▶ _GIVEN DATA_:
════════════════

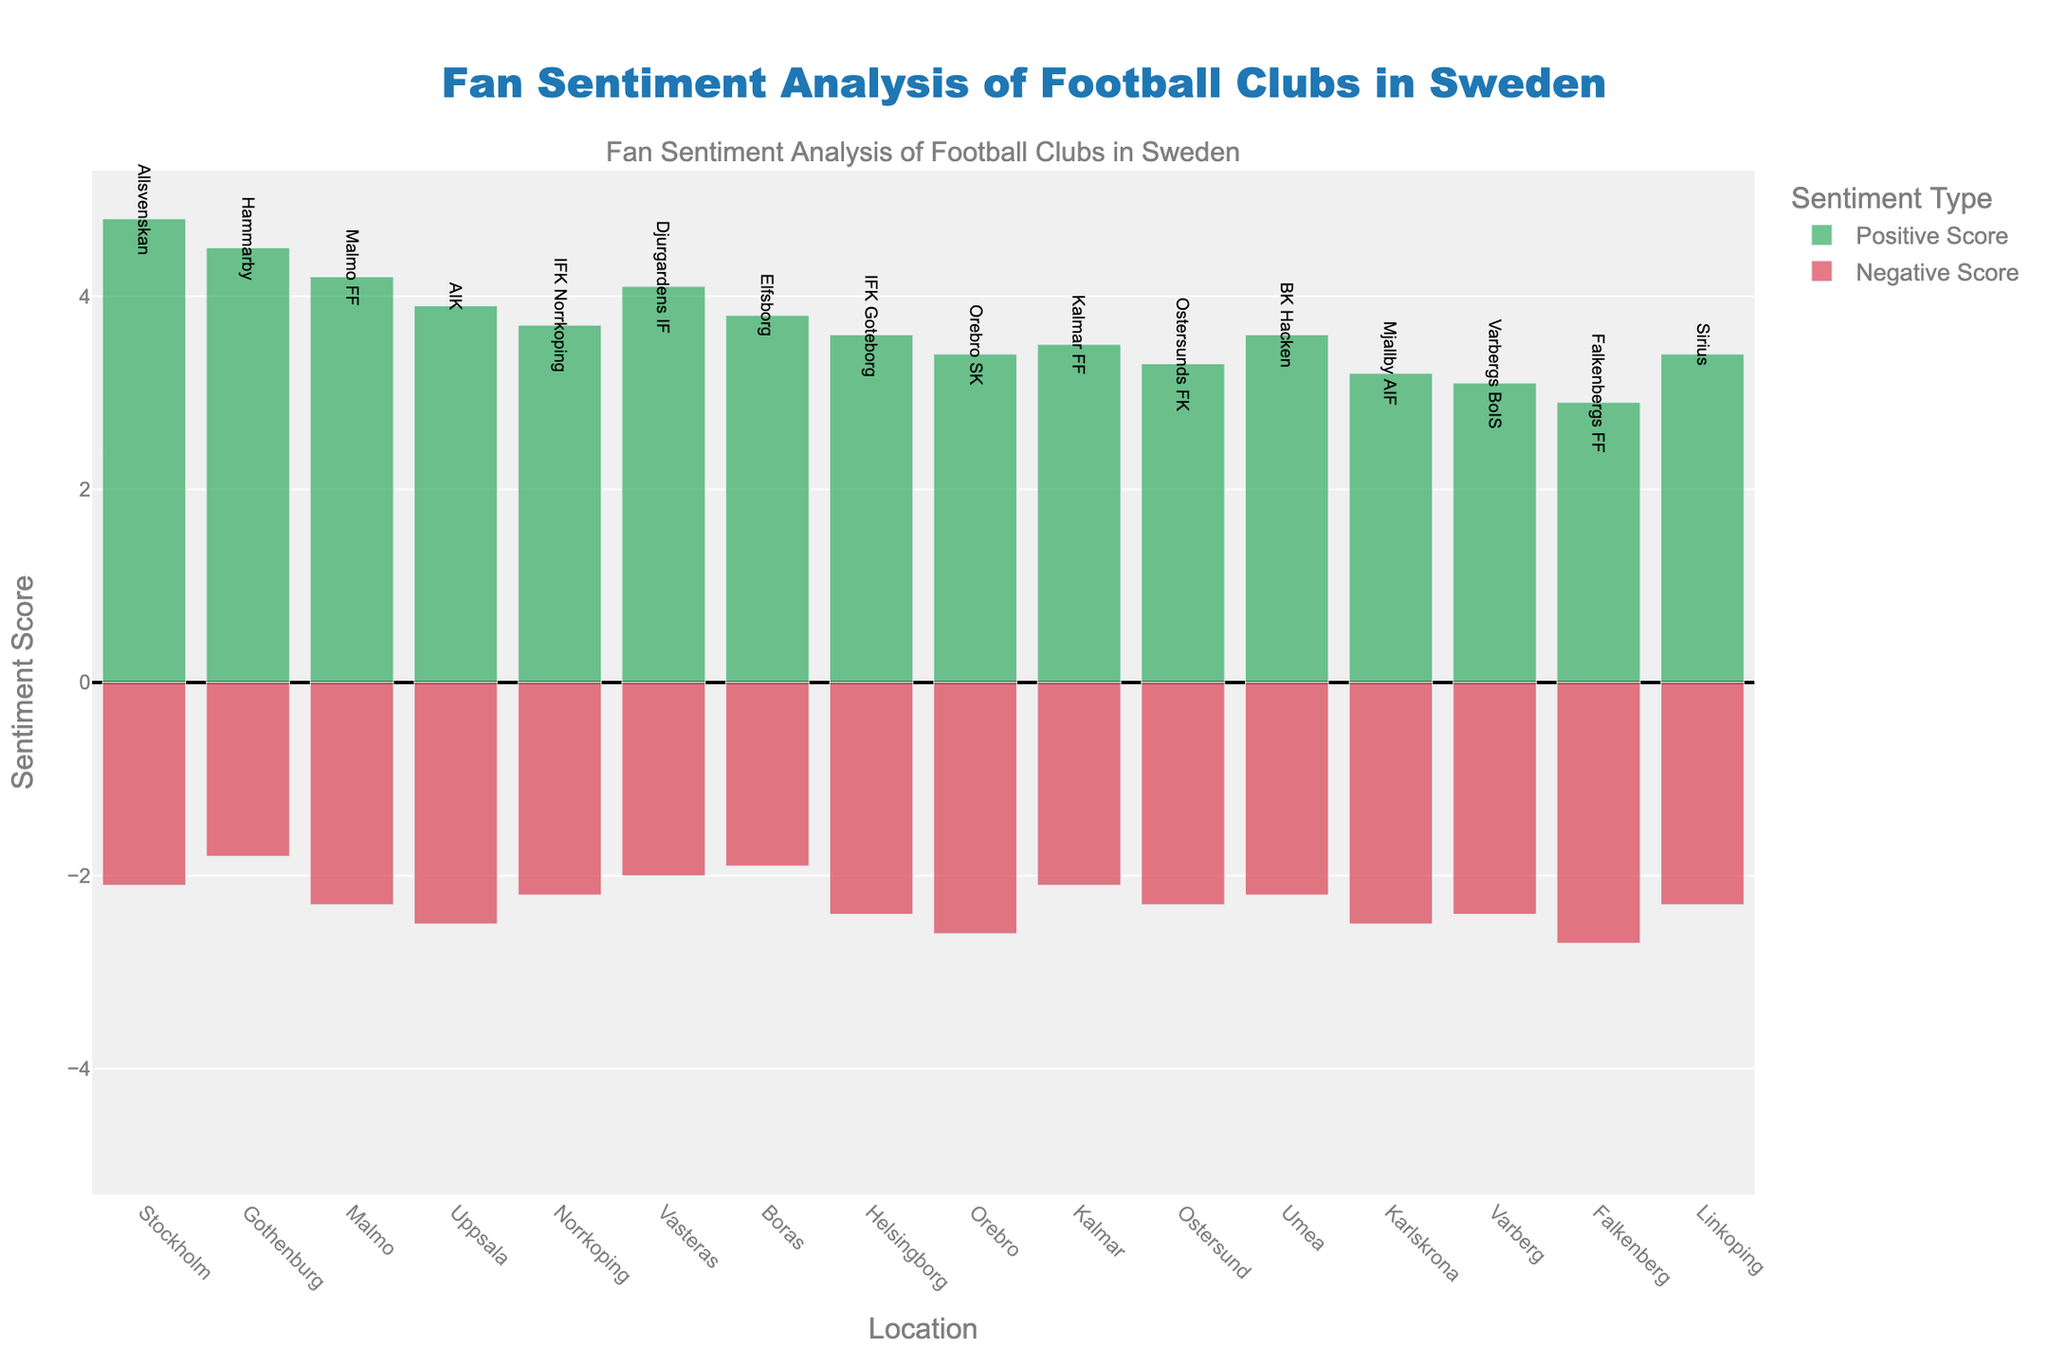Which location has the highest positive sentiment score? The location with the highest positive sentiment score is determined by looking for the tallest bar in the green bars. Stockholm has the tallest green bar representing a score of 4.8.
Answer: Stockholm What is the negative sentiment score at Malmo? To find the negative sentiment score at Malmo, look at the length of the red bar at the location Malmo. The bar representing negative sentiment score for Malmo extends to -2.3.
Answer: 2.3 Which club has a higher positive sentiment score, Djurgardens IF or AIK? To compare the positive sentiment scores, observe the heights of the green bars for Djurgardens IF (Vasteras) and AIK (Uppsala). Djurgardens IF has a score of 4.1 while AIK has a score of 3.9.
Answer: Djurgardens IF Is the negative sentiment score for Kalmar FF greater than that for Ostersunds FK? Compare the heights of the red bars for Kalmar (Kalmar FF) and Ostersund (Ostersunds FK). Kalmar's negative score is 2.1 and Ostersund's is 2.3, so Kalmar's score is lower.
Answer: No What is the total sentiment score (positive minus negative) for Hammarby? To find the total sentiment score for Hammarby, subtract the negative score from the positive score. Hammarby's positive score is 4.5 and its negative score is 1.8, so the total is 4.5 - 1.8 = 2.7.
Answer: 2.7 Which location has the lowest negative sentiment score and what is the score? The location with the smallest red bar has the lowest negative sentiment. Gothenburg (Hammarby) has the smallest red bar extending to -1.8.
Answer: Gothenburg, 1.8 What is the average positive sentiment score across all locations? To find the average positive sentiment, sum all the positive scores and divide by the number of locations. The positive scores are 4.8, 4.5, 4.2, 3.9, 3.7, 4.1, 3.8, 3.6, 3.4, 3.5, 3.3, 3.6, 3.2, 3.1, 2.9, 3.4. The sum is 57.1 and there are 16 locations, so the average is 57.1 / 16 = 3.57.
Answer: 3.57 Which clubs have positive sentiment scores greater than 4? The clubs with green bars taller than 4 are those with positive sentiment scores greater than 4. These clubs are AIK, Djurgardens IF, Allsvenskan, and Hammarby.
Answer: Allsvenskan, Hammarby, Malmo FF, Djurgardens IF What is the difference in negative sentiment scores between Falkenbergs FF and Varbergs BoIS? Subtract the negative score of Varbergs BoIS from that of Falkenbergs FF. Falkenbergs FF has a negative score of 2.7 and Varbergs BoIS has a score of 2.4. The difference is 2.7 - 2.4 = 0.3.
Answer: 0.3 Which club in Boras has what specific sentiment scores? Look for the club associated with Boras and note its sentiment scores. Boras represents Elfsborg, which has a positive sentiment score of 3.8 and a negative sentiment score of 1.9.
Answer: Elfsborg, Pos: 3.8, Neg: 1.9

════════════════

▶ _ASSIGNMENT_: When a line in the material above holds the word "Elfsborg", copy that line.

▶ _WORKED SOLUTION_:
Answer: 0.3 Which club in Boras has what specific sentiment scores? Look for the club associated with Boras and note its sentiment scores. Boras represents Elfsborg, which has a positive sentiment score of 3.8 and a negative sentiment score of 1.9.
Answer: Elfsborg, Pos: 3.8, Neg: 1.9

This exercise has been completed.